How Much Retirement Fund Do You Need

How Much Do You Need Before RetiringPlanning ahead is not planning in vain. People will add years into their lives until they have reached a moment when they want to retire. But with inflation, longer life expectancy and doubts on the Social Security’s future, how will you know how much retirement fund you will need?

Every person needs to retire and sometimes are forced to retire due to unforeseen circumstances. The years of retirement need not be a life of boredom and dullness but one that is happy and prosperous. Picturing yourself in the latter situation depends on the steps that you are taking today. Since there are so many changing variables in the offices, investing now with the future in mind seems like a viable idea. In addition to that, steering the wheel of your finances in the future can lead to a more comfortable retirement.

Usually, the Social Security and the pension are used in the retirement ages but with people relying on double salaries, shifting work and managing their own retirement funds it is estimated that 60 to 80 percent of the income in your final years is needed to afford your lifestyle after retiring.

Depending on the Social Security alone is very risky since the benefits that can be achieved from them are becoming insignificant. Inflation also has a very huge role in retiring comfortably. On the average of 3 percent inflation, the cost of living will be twofold every 24 years.
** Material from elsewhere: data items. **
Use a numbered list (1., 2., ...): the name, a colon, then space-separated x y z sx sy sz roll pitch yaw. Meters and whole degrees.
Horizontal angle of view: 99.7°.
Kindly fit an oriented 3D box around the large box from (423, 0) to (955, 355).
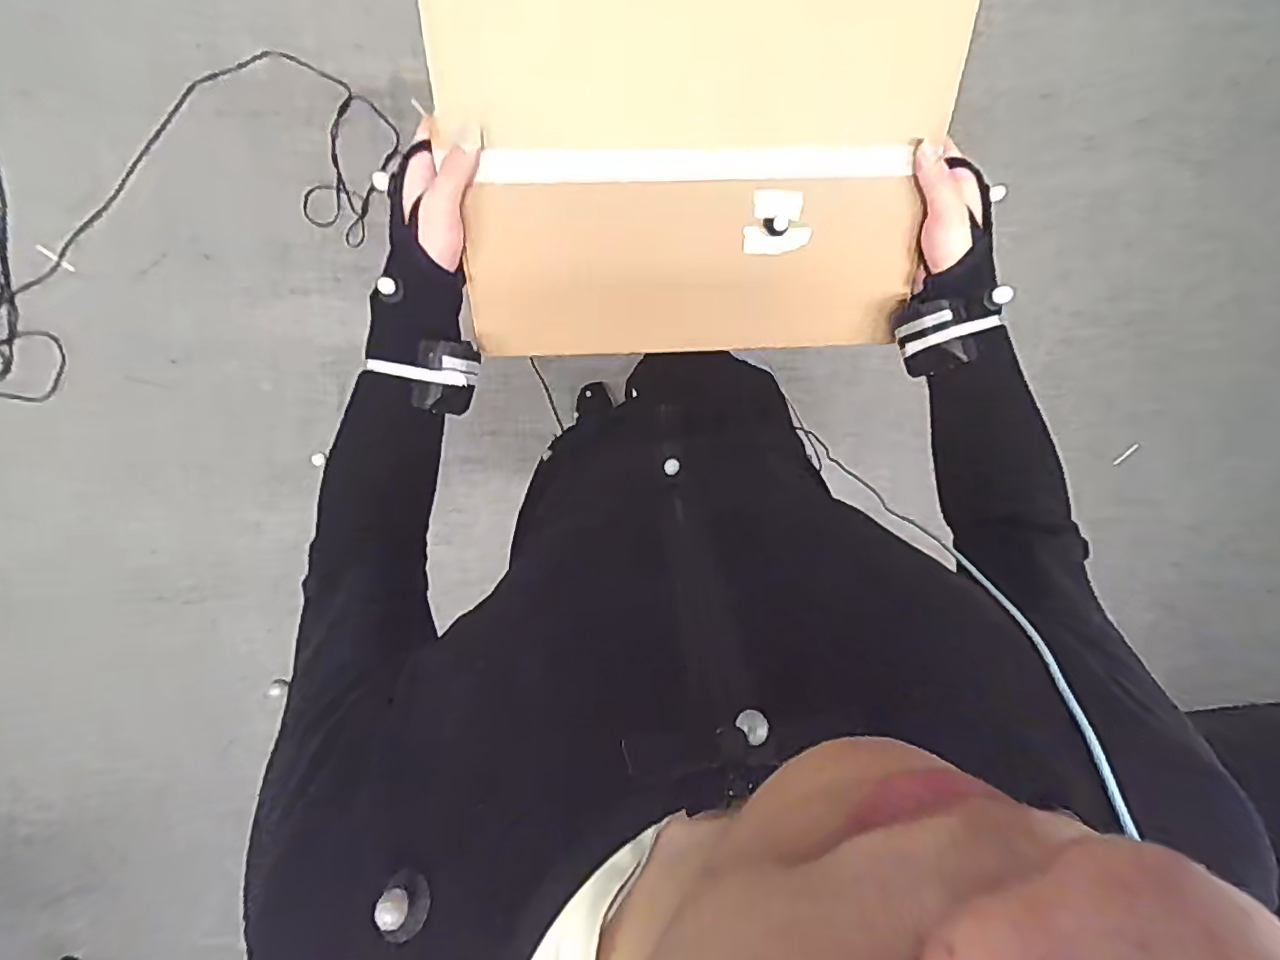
1. large box: 0.031 -0.340 0.579 0.408 0.320 0.320 -4 122 -4
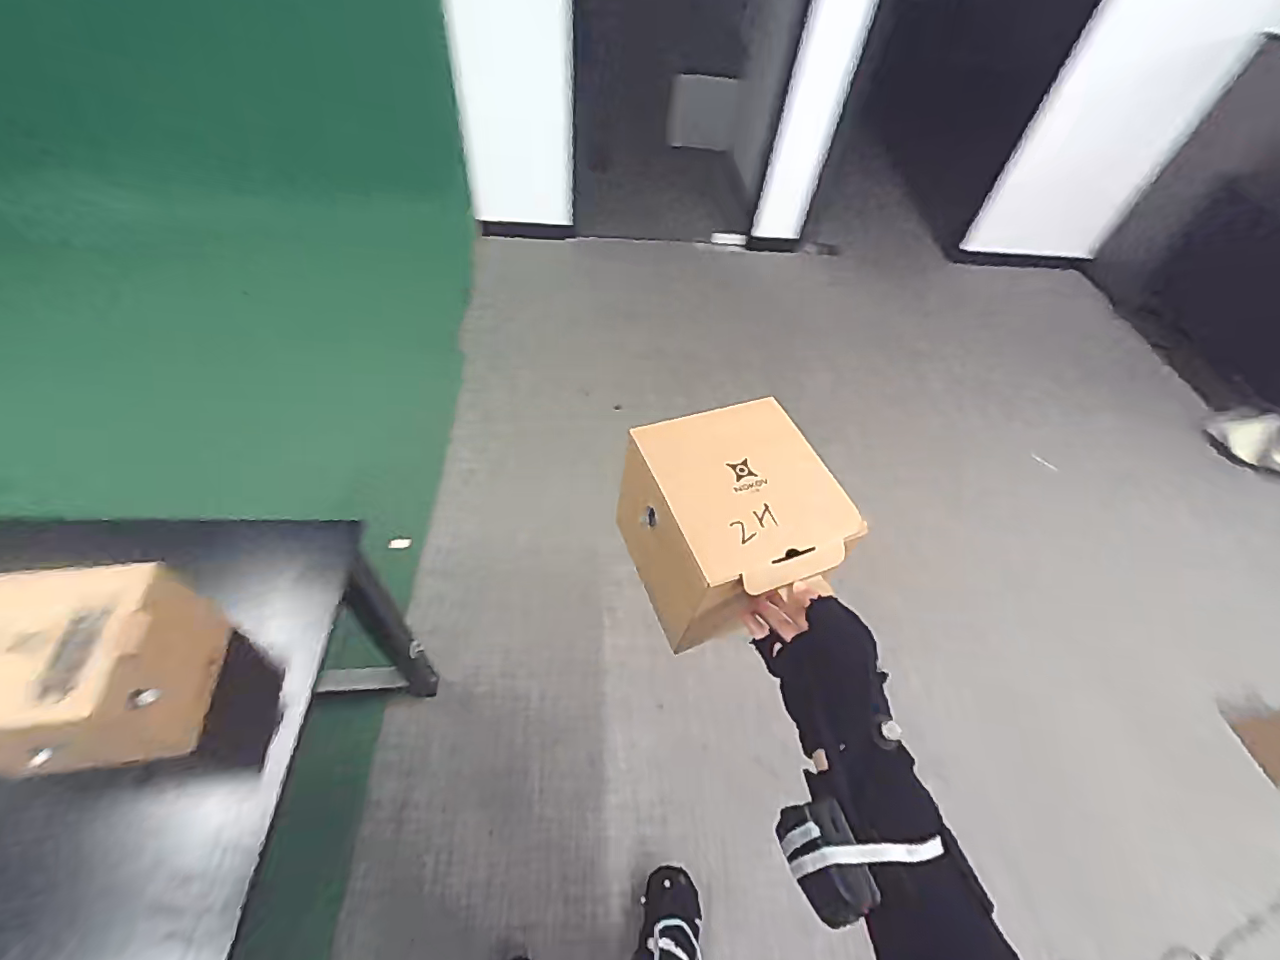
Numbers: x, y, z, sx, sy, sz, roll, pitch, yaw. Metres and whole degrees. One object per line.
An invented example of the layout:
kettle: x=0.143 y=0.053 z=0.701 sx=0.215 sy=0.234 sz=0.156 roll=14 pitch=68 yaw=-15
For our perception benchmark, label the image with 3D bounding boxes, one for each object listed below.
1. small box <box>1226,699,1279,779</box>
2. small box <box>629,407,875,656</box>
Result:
small box: x=1.766 y=0.690 z=1.445 sx=0.168 sy=0.176 sz=0.179 roll=-3 pitch=51 yaw=-10
small box: x=0.095 y=0.054 z=0.563 sx=0.168 sy=0.176 sz=0.179 roll=-14 pitch=57 yaw=-18
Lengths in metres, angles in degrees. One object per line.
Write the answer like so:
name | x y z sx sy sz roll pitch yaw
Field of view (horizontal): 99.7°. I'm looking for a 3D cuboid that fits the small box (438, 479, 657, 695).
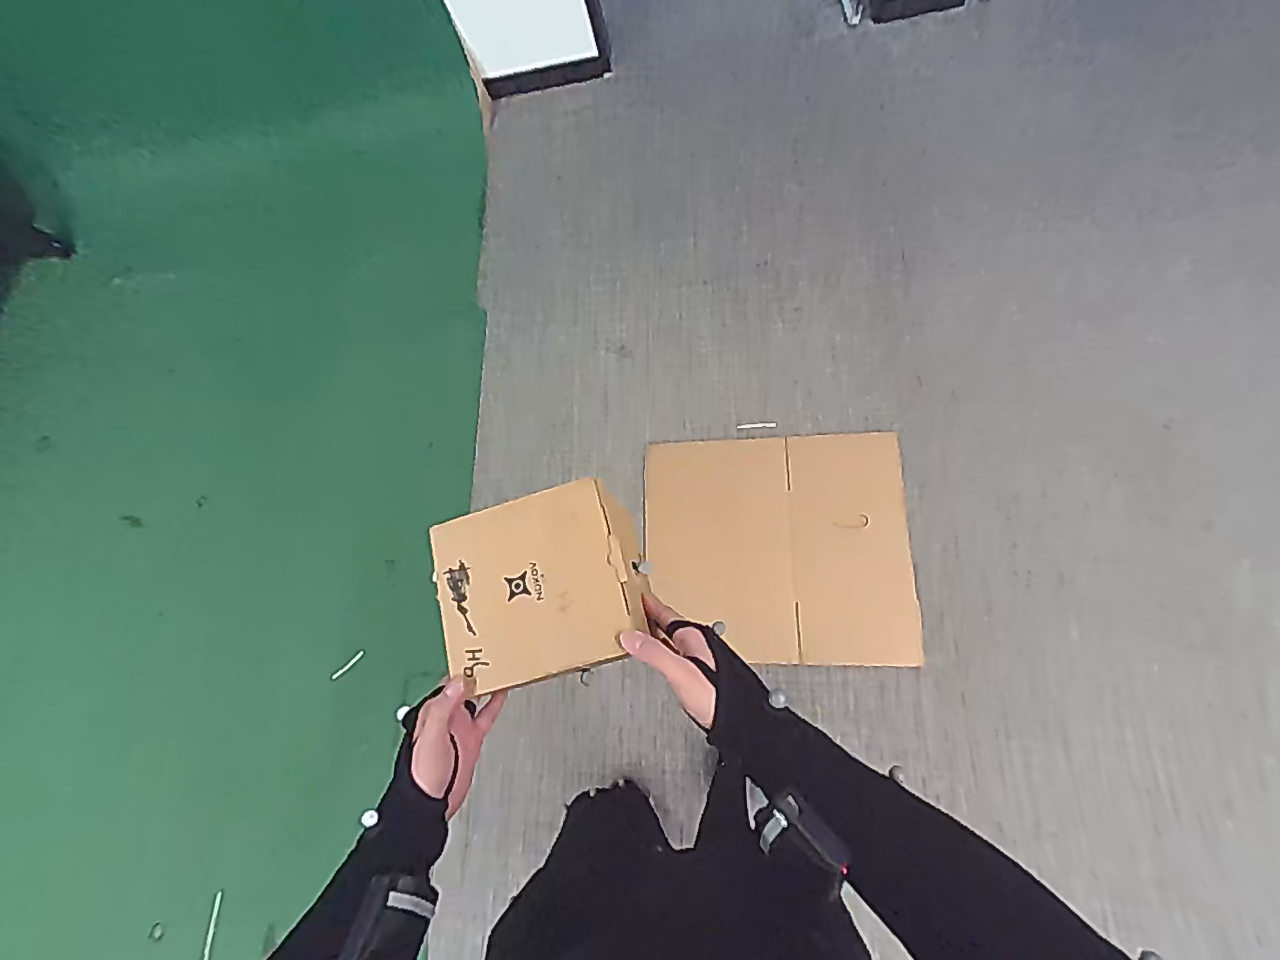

With these in mind, your annual income should increment every year to cope up with the prices of goods even in the years of your retirement. Another thing to keep in mind is the health insurance and medical costs that you will probably need during the golden years.

In general, the amount of your retirement funds should be as much as you can save. This fund will help you throughout your retirement years and building it is very easy as long as you make the right decisions and start early. To be able to do that you could begin with contributing a great deal to 401(k)s, IRAs and annuities. Investments like mutual funds, bonds and stocks can also supplement your retirement funds. Always remember that your retirement period may last for 30 or more years.

Individual circumstances also play an important role in building up your retirement funds. Retiring early such as during your 30’s or at the age of 50 or 55 can mean that you may require more retirement years to support. In comparison to those who would be retiring at the age of 60 or 65, bigger assets are needed if you retire early. But if you plan to work on a part-time basis during your retirement age, you may need smaller assets.

It is also important to predict your expenses during your retirement period to determine how much retirement funds you need. Almost all people who have reached their retirement period incur costs like food, insurance and utilities but some might have additional expenses. These expenses may come in the form of child’s tuition or mortgage payments.

The lifestyle that you want after retiring would also affect how much retirement fund you need. It is very important to consider how often you would like to eat out or travel during your retirement years. Once you have determined these expenses, try to save every year to support those expenses. Lastly, think about hiring a financial planner who will aid you to ascertain how much your retirement funds will be.